Exercise details: Only one span belongs in the answer: the line holding "- (130, 18.55)" through the last line of the entries below, retyped exactly.

Exercise data:
+--
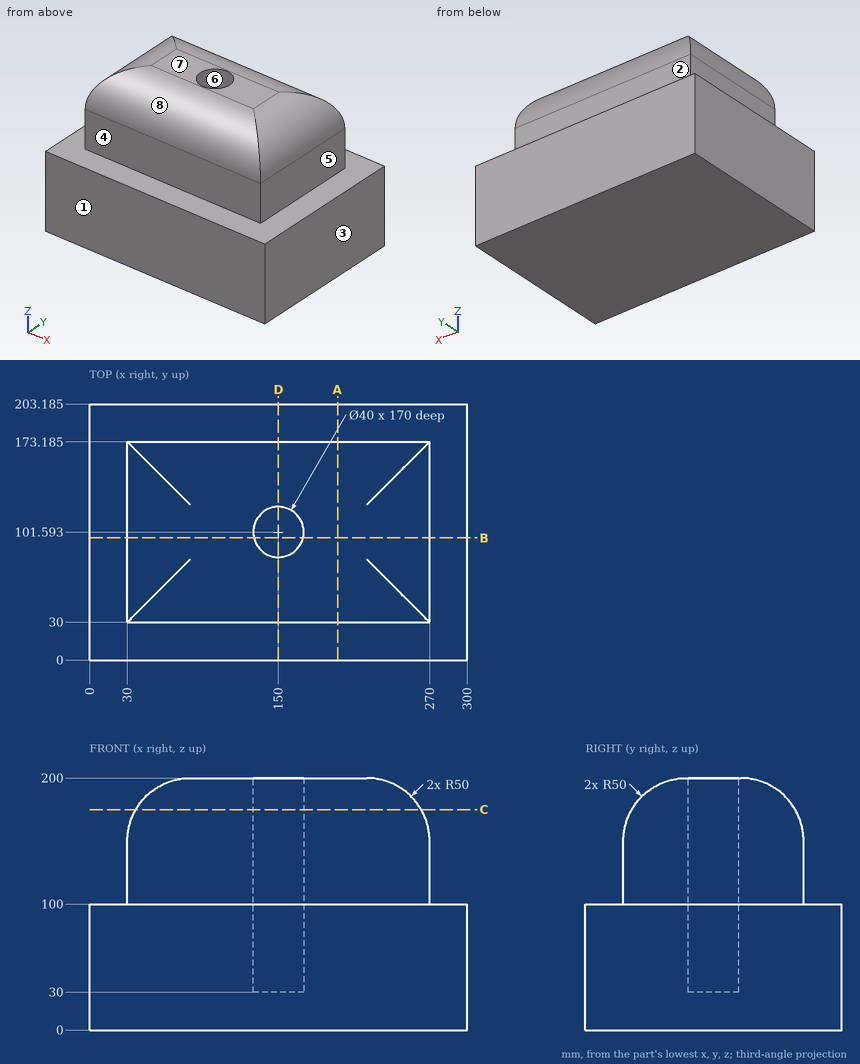
For this review, use the dimensioned drawing (mm, ordinates from the lowest corner) and the shaded views. A direction names the side the tool comes from. Round coordinates to 2 decimals unless told otherwise and drop trailing zeros. Write each loop counter-clockwise with the first axis right and the second up, starting at its lowest first coordinate (ties: lowest second). Pieces come first, ordered by that corner, then holes. Notation, with made-up numbers: (-27.5, -32.75) - (20.5, -32.75) arc R21 cw to (20.5, -6.75) - close; hole circle Ø8 at (-1.75, 33.25). An arc over 180 degrees is marked (long way). Answer as CSV lines item,"result". Start each with the question number.
(1) We need section D-D on x = 150. State the section outline as (y, z) points (1 decimal), plus the area to 3 significant figures.
(2) We need section B-B on y = 97. State the section outline as (x, z) points (1 decimal), plus the area to 3 significant figures.
(3) To check wall thickness, follow line 1 (Y direction, x = 150, z = 132.5) (1 decimal); line 2 (Y direction, x = 150, z = 71) (1 decimal); line 3 (Z direction, x = 189, y = 177.5). State the ranges of each line that lie inside material, in increasing order.
(4) For the marked faces 1, 2, 3, 4 and 5, list the 3-axis set-ups (+Z, -Z, +X, -X, +Y, -Y) from which the entire face can be reached by the end or side of a thin tool; tool diameter is ignored.
(5) We need section C-C on z = 175. State the section outline as (x, y) points.
(6) For pin 1 Ø2 at (y, z) = (101.5, 166) entering from -X; pin 2 Ø2 at (x, y) = (220, 44.5) entering from +Z; pin 3 Ø25 at (x, z) = (129, 120.5) entering from +Y (1 decimal), all flat-tipped, find the tip position at first contact; note any pin that passes through.
(7) We need section A-A on x = 197. State the section outline as (y, z) points (1 decimal), plus the area to 3 significant figures.
(8) Draft analysis for pull direction Y (two halves, no side actions). For the marked faces 6, 7 and 8, state which applies: pulls with the +Y half, pulls with the -Y half, needs draft (parallel to the pull), parting line crosses it, or undercut.
Worked answers:
1,outline,"(0, 0) - (203.2, 0) - (203.2, 100) - (173.2, 100) - (173.2, 150) arc R50 ccw to (123.2, 200) - (121.6, 200) - (121.6, 30) - (81.6, 30) - (81.6, 200) - (80, 200) arc R50 ccw to (30, 150) - (30, 100) - (0, 100) - close"
1,area,"26,800 mm²"
2,outline,"(0, 0) - (300, 0) - (300, 100) - (270, 100) - (270, 150) arc R50 ccw to (220, 200) - (169.5, 200) - (169.5, 30) - (130.5, 30) - (130.5, 200) - (80, 200) arc R50 ccw to (30, 150) - (30, 100) - (0, 100) - close"
2,area,"46,300 mm²"
3,line 1,"30 to 81.6, 121.6 to 173.2"
3,line 2,"0 to 81.6, 121.6 to 203.2"
3,line 3,"0 to 100"
4,face 1,"+Z, -Z, +X, -X, -Y"
4,face 2,"+Z, +X, -X, +Y"
4,face 3,"+Z, -Z, +X, +Y, -Y"
4,face 4,"+Z, +X, -X, -Y"
4,face 5,"+Z, +X, +Y, -Y"
5,outline,"(36.7, 36.7) - (263.3, 36.7) - (263.3, 166.49) - (36.7, 166.49) - close; hole circle Ø40 at (150, 101.59)"
6,pin 1,"x = 32.3"
6,pin 2,"z = 186.19"
6,pin 3,"y = 173.2"
7,outline,"(0, 0) - (203.2, 0) - (203.2, 100) - (173.2, 100) - (173.2, 150) arc R50 ccw to (123.2, 200) - (80, 200) arc R50 ccw to (30, 150) - (30, 100) - (0, 100) - close"
7,area,"33,600 mm²"
8,face 6,"undercut"
8,face 7,"needs draft"
8,face 8,"pulls with the -Y half"
Input: part model. Units: mm. Frame: model coordinates. Give positions to 0.01 mm unless a question says otherwise; leave off trailing zeros. Loops run counter-clockwise (first coordinate to the right, second up) from the corner with the lowest first, then second, coordinate; pieces in that order, holes last. Notation, with made-up numbers: M -19,57.5 L -2,57.5 A25 cw -2,72.5 Z; hole C 43.25,25 d5. An arc over 180 degrees is marked long. One line per item, written item: value. Start each with the question number.
(1) Section A-A on z = 3. Output: boundary loops of the cut face in (x, y), plus the area to 3 significant figures.
(2) Ray query, line 1 along X through (y, z) = (-0.5, 6.5); line 2 along X through (y, z) = (5.5, 5.5). Return the intervals inside material, ascending. Write a range as from..to.
(3) Section C-C on y = 4.75. Output: boundary loops of the cut face in (x, z), plus the area to 3 significant figures.
(4) Pin query (flat end, axial travel): P1, Ø5, axis at y = -4.5, z = 9, coming from the -X side. Return the tip coordinate at first contact, or that it passes through.
(5) Section B-B on y = -4.5. Output: boundary loops of the cut face in (x, z), plus the area to 3 significant figures.
```python
from build123d import *

# Parameters (mm, degrees)
F1_DEPTH = 11.4


with BuildPart() as f1:
    # F0 (on Top) → F1 (new body)
    with BuildSketch(Plane.XY):
        with BuildLine():
            ThreePointArc((0, 8.5), (6.010408, 6.010408), (8.5, 0))
            ThreePointArc((8.5, 0), (6.010408, -6.010408), (0, -8.5))
            Line((0, -8.5), (83, -8.5))
            ThreePointArc((83, -8.5), (74.5, 0), (83, 8.5))
            Line((83, 8.5), (0, 8.5))
        make_face()
        with BuildLine():
            ThreePointArc((0, -8.5), (6.010408, -6.010408), (8.5, 0))
            ThreePointArc((8.5, 0), (6.010408, 6.010408), (0, 8.5))
            ThreePointArc((0, 8.5), (-8.5, 0), (0, -8.5))
        make_face()
        with BuildLine():
            ThreePointArc((91.5, 0), (89.010408, 6.010408), (83, 8.5))
            ThreePointArc((83, 8.5), (74.5, 0), (83, -8.5))
            ThreePointArc((83, -8.5), (89.010408, -6.010408), (91.5, 0))
        make_face()
    extrude(amount=F1_DEPTH)


solid = f1.part
```
Output values:
1. outline: M 0,-8.5 L 83,-8.5 A8.5 ccw 91.5,0 A8.5 ccw 83,8.5 L 0,8.5 A8.5 ccw Z
1. area: 1,640 mm²
2. line 1: x = -8.49..91.49
2. line 2: x = -6.48..89.48
3. outline: M -7.05,0 L 90.05,0 L 90.05,11.4 L -7.05,11.4 Z
3. area: 1,110 mm²
4. P1: stops at x = -8.26
5. outline: M -7.21,0 L 90.21,0 L 90.21,11.4 L -7.21,11.4 Z
5. area: 1,110 mm²
Part model, mm, in its own coordinate system. A direction names the side the tool comes from. Round coordinates to 2 decimals unless told otherwise and drop trailing zeros. Order: outer loops, then holes, each group sorted by start corner. A loop starts at its lowest first (then second) coordinate and runs counter-clockwise, first axis right, second up. Notation, with made-up numbers: (18, 43.5) - (22, 43.5) arc R24 ccw to (22, 67.5) - close; hole circle Ø9 at (82, 68). An arc over 180 degrees is marked (long way). Answer as a JSON object with one key per item and string values.
Autodesk Inventor part; units mm, degrees
ref_plane "YZ Plane" through (0, 0, 0) normal (1, 0, 0) x (0, 1, 0)
ref_plane "XZ Plane" through (0, 0, 0) normal (0, 1, 0) x (-1, 0, 0)
ref_plane "XY Plane" through (0, 0, 0) normal (0, 0, 1) x (1, 0, 0)
sketch "Sketch1" plane through (0, 0, 0) normal (0, 0, 1) x (1, 0, 0)
  line L0 (0, 0) -> (310, 0)
  line L1 (310, 0) -> (310, 50)
  line L2 (310, 50) -> (0, 50)
  line L3 (0, 50) -> (0, 0)
  dimension "d0" = 310
  dimension "d1" = 50
extrude "Extrusion1" add sketch "Sketch1" along normal blind 18.55
sketch "Sketch2" plane through (0, 0, 18.55) normal (0, 0, 1) x (1, 0, 0)
  line L0 (130, 34.3) -> (180, 34.3)
  line L1 (180, 34.3) -> (180, 15.7)
  line L2 (180, 15.7) -> (130, 15.7)
  line L3 (130, 15.7) -> (130, 34.3)
  line L4 (130, 25) -> (0, 25) construction
  line L5 (0, 50) -> (0, 0)
  line L6 (180, 25) -> (310, 25) construction
  line L7 (310, 0) -> (310, 50)
  dimension "d4" = 18.6
  dimension "d5" = 50
extrude "Extrusion2" cut sketch "Sketch2" against normal blind 20
properties part number "mobile_table_bottom"
Item 1: Drop a flat-ended pin along its axis: P1, Ø10, axis at x = 91, y = 21, coming from the -Z side. Give the stop position or say it passes through.
Taken from the geometry:
{"P1": "z = 0"}
Item 2: Tool access for faces 1 (the flat face through (153, 0, 9)), 2 (the flat face through (130, 25, 9)): list every direction of +Z, -Z, +X, -X, +Y, -Y with a clear straight run to the whole face (end or side of a thin tool).
Taken from the geometry:
{"face 1": "+Z, -Z, +X, -X, -Y", "face 2": "+Z, -Z"}
Item 3: Two-plate mould, pull along X, no slides. Class faces 3 (the flat face through (155, 34.3, 9)), 4 (the flat face through (310, 25, 9)), 5 (the flat face through (153, 36, 18.55)), 6 (the flat face through (0, 25, 9)): pulls with the +X half, pulls with the -X half, needs draft (parallel to the pull), parting line crosses it, or undercut.
Taken from the geometry:
{"face 3": "undercut", "face 4": "pulls with the +X half", "face 5": "needs draft", "face 6": "pulls with the -X half"}
Item 4: Cut at C-C (x = 170). Write the cut outline in (y, z), plus the area to 3 significant figures.
Taken from the geometry:
{"outline": "(0, 0) - (15.7, 0) - (15.7, 18.55) - (0, 18.55) - close; (34.3, 0) - (50, 0) - (50, 18.55) - (34.3, 18.55) - close", "area": "582 mm2"}
Item 5: Probe L1, parallel to Y at x = 176, z = 4; L2, parallel to X at y = 29, z = 5.5. List the from-to ranges inside material, lowest first. Write a range as from..to.
Taken from the geometry:
{"L1": "0..15.7, 34.3..50", "L2": "0..130, 180..310"}
Item 6: Cut at B-B (y = 22.5). Write the cut outline in (x, z).
Taken from the geometry:
{"outline": "(0, 0) - (130, 0) - (130, 18.55) - (0, 18.55) - close; (180, 0) - (310, 0) - (310, 18.55) - (180, 18.55) - close"}
Item 7: Cut at A-A (z = 11.25). Write the cut outline in (x, y).
Taken from the geometry:
{"outline": "(0, 0) - (310, 0) - (310, 50) - (0, 50) - close; hole (130, 15.7) - (180, 15.7) - (180, 34.3) - (130, 34.3) - close"}
+--
Problem solution:
{"outline": "(0, 0) - (130, 0) - (130, 18.55) - (0, 18.55) - close; (180, 0) - (310, 0) - (310, 18.55) - (180, 18.55) - close"}
Item 7: Cut at A-A (z = 11.25). Write the cut outline in (x, y).
Taken from the geometry:
{"outline": "(0, 0) - (310, 0) - (310, 50) - (0, 50) - close; hole (130, 15.7) - (180, 15.7) - (180, 34.3) - (130, 34.3) - close"}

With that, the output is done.